Telémaco- siento honestidad en tus palabras, no las olvidaré, pero ¿porqué la prisa? Quédate te
ofrezco otros deleites y te regalaré un valioso presente para que no te olvides de mi, así lo hago
con mis más queridos huéspedes.

Atenea- Tengo prisa, pero ese regalo que no dudo de su grandeza lo recibiré a la vuelta y te sabré
corresponder con otro digno. Luego de estas palabras la Diosa se elevó y desapareció cumpliendo
su objetivo de revitalizar el alma de Telémaco, reavivando el recuerdo de su padre. Mientras tanto
el mejor de los aedos cantaba sobre el regreso de Troya y las calamidades de Palas Atenea contra
los argivos, sin embargo Penélope quien se encontraba en lo alto de la casa bajo juntos a sus
doncellas pues no soportaba escuchar ese cántico, así descendió con lagrimas en sus mejillas y se
refirió al aedo- Femio te sabes otras muchas hazañas, canta alguna pero no sigas con ese relato
que trae tanta pena a mi alma y me hace recordar al héroe Ulises.

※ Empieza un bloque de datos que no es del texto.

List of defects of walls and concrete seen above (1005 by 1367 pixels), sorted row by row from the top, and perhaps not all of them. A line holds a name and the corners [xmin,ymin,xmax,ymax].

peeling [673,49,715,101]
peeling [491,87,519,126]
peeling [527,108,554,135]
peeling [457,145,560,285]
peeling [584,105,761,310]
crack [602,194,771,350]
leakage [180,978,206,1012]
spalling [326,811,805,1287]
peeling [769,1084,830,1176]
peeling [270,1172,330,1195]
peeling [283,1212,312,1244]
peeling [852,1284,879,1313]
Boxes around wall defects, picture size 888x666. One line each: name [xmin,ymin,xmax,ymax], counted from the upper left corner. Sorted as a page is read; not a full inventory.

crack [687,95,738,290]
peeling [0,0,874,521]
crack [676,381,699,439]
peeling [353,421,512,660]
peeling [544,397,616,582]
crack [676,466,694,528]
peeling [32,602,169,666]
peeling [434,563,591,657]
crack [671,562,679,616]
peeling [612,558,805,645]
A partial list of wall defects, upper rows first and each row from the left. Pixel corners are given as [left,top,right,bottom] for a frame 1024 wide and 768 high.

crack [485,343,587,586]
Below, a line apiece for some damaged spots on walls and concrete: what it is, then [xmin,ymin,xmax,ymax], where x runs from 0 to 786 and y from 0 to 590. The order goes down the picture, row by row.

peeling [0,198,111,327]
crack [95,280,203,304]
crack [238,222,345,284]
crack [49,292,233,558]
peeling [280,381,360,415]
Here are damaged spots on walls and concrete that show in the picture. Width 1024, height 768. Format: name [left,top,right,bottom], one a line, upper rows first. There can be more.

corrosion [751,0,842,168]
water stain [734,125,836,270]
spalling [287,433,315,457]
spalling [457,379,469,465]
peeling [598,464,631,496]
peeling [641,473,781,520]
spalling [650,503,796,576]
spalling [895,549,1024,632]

Telémaco- madre porque detienes al aedo si es Zeus quien establece el triste destino de los
aqueos, no censuremos a Femio. Es tu corazón quien debe resignarse, no es solo Ulises quien no
ha vuelto a su patria. Así perturbada por las palabras de Telémaco ascendió por las escaleras y
siguió su lamento hasta que encontró el sueño gracias a atenea.

Telémaco se dirigió a los pretendientes - pretendientes dejemos de pensar en el festín y


disfrutemos al aedo ya que para mañana abandonaran mi casa, desde mañana celebraran los
festines en sus casas y comerán de los vuestro y si encuentran que estáis mejor aquí, yo aclamaré
a los dioses quienes los juzgaran por saquear a un hombre solo. Asombrados todos se dirigió
Antínoo a Telémaco- sean los dioses que te han enseñado hablar de tal forma, tan altivo o puede
también que sea el mismo Zeus quien evite que reines sobre Ítaca.
Telémaco- Antínoo, si Zeus me dio la realeza estoy dispuesto a ejercerla, pues reinar no es un
castigo, al contrario, trae riquezas y gratitud. Si ha padecido Ulises, entre aqueos jóvenes y
ancianos puede ser elegido el rey, aun así yo sigo siendo el rey de mi casa y de los esclavos que
dejó mi padre

Eurímaco- dejemos en manos de Zeus la decisión de quien reinara, por otra parte tú reina en tu
casa. Ahora quisiera saber más sobre tu huésped, ¿traía información de tu padre?

Telémaco- Eurímaco, yo se que las esperanzas de regreso de mi padre son pocas. Ese hombre era
Mentes, rey de tafos, anteriormente fue huésped de mi padre. Esto decía Telémaco aunque ya
sabía que Mentes era una diosa.

Llegó la noche y la oscuridad y al fin se marcharon todos, así también marcho Telémaco a su lecho
donde se encontraba su sirvienta Euriclea quien precedía a Telémaco con las antorchas pues era la
sirvienta que más lo quería. En su habitación se desvistió y paso su túnica a la anciana sirvienta y
entre las sabanas pensó toda la noche sobre los consejos que entrego atenea.